Records for the exercise Block Start

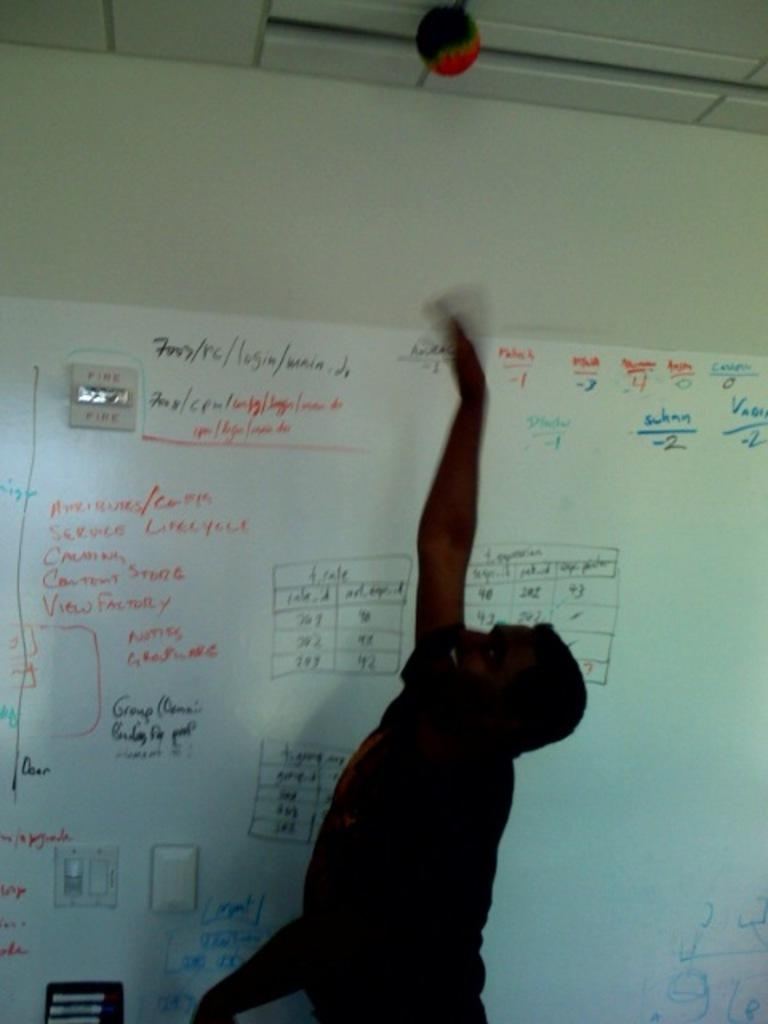<image>
Render a clear and concise summary of the photo. The boys vertical jump was -2 and according to the chart, below average. 
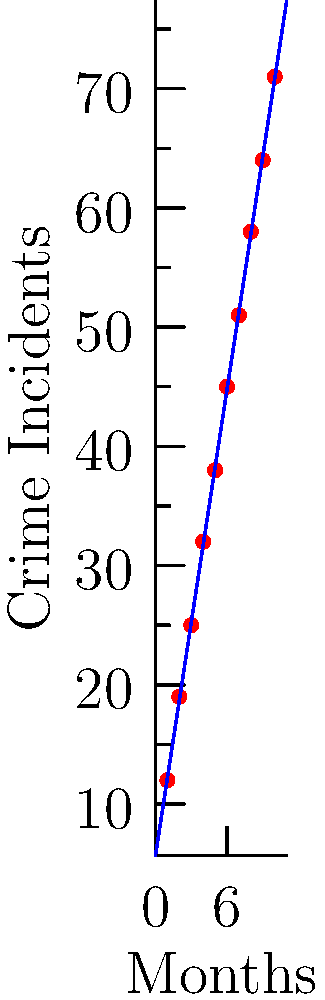As a criminology professor analyzing crime trends, you've plotted the number of reported incidents in a specific neighborhood over 10 months. Using the scatter plot and best-fit line, what is the projected number of crime incidents for the 12th month if the trend continues? Round your answer to the nearest whole number. To solve this problem, we'll follow these steps:

1. Identify the equation of the best-fit line:
   The line is in the form $y = mx + b$, where $m$ is the slope and $b$ is the y-intercept.

2. Calculate the slope ($m$):
   $m = \frac{y_2 - y_1}{x_2 - x_1} \approx \frac{71 - 12}{10 - 1} = \frac{59}{9} \approx 6.56$

3. Calculate the y-intercept ($b$):
   Using a point on the line, say (1, 12):
   $12 = 6.56(1) + b$
   $b = 12 - 6.56 = 5.44$

4. Write the equation of the best-fit line:
   $y = 6.56x + 5.44$

5. Predict the number of incidents for the 12th month:
   $y = 6.56(12) + 5.44 = 78.72 + 5.44 = 84.16$

6. Round to the nearest whole number:
   84.16 rounds to 84

Therefore, the projected number of crime incidents for the 12th month is 84.
Answer: 84 incidents 
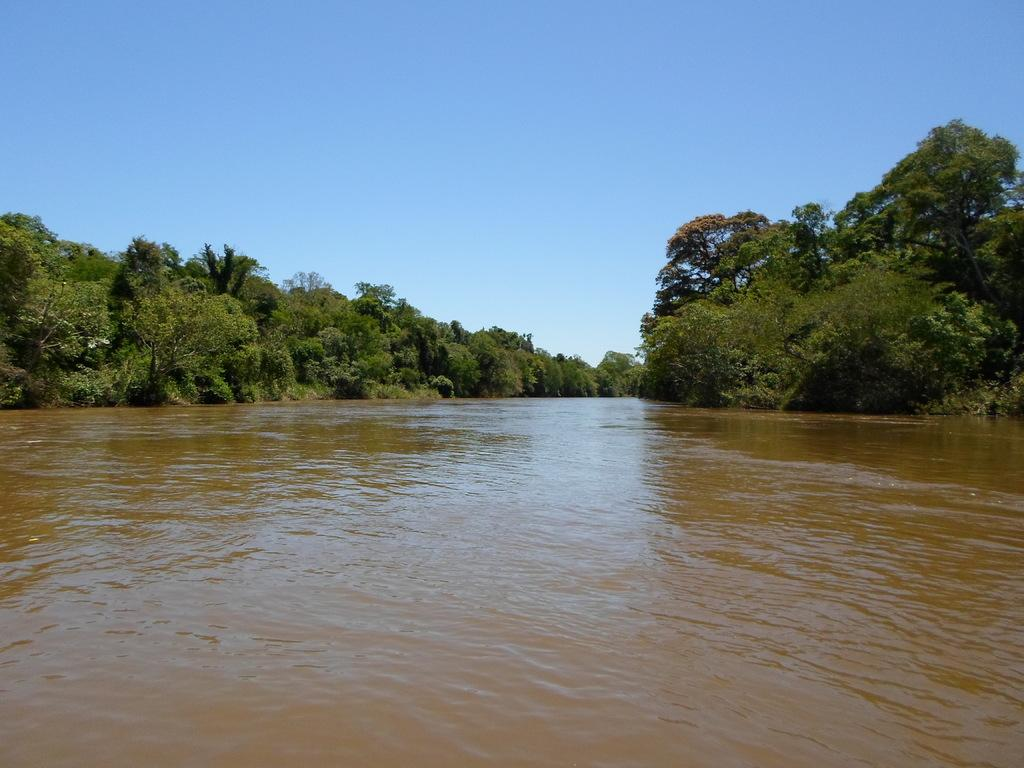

Records for the exercise Block End

* _Task directions_:
Write out exactly the lines from the one that contains "84.16 rounds to 84" through the last line of the data above, both included. Leave every picture out.

* _Solution to this exercise_:
   84.16 rounds to 84

Therefore, the projected number of crime incidents for the 12th month is 84.
Answer: 84 incidents 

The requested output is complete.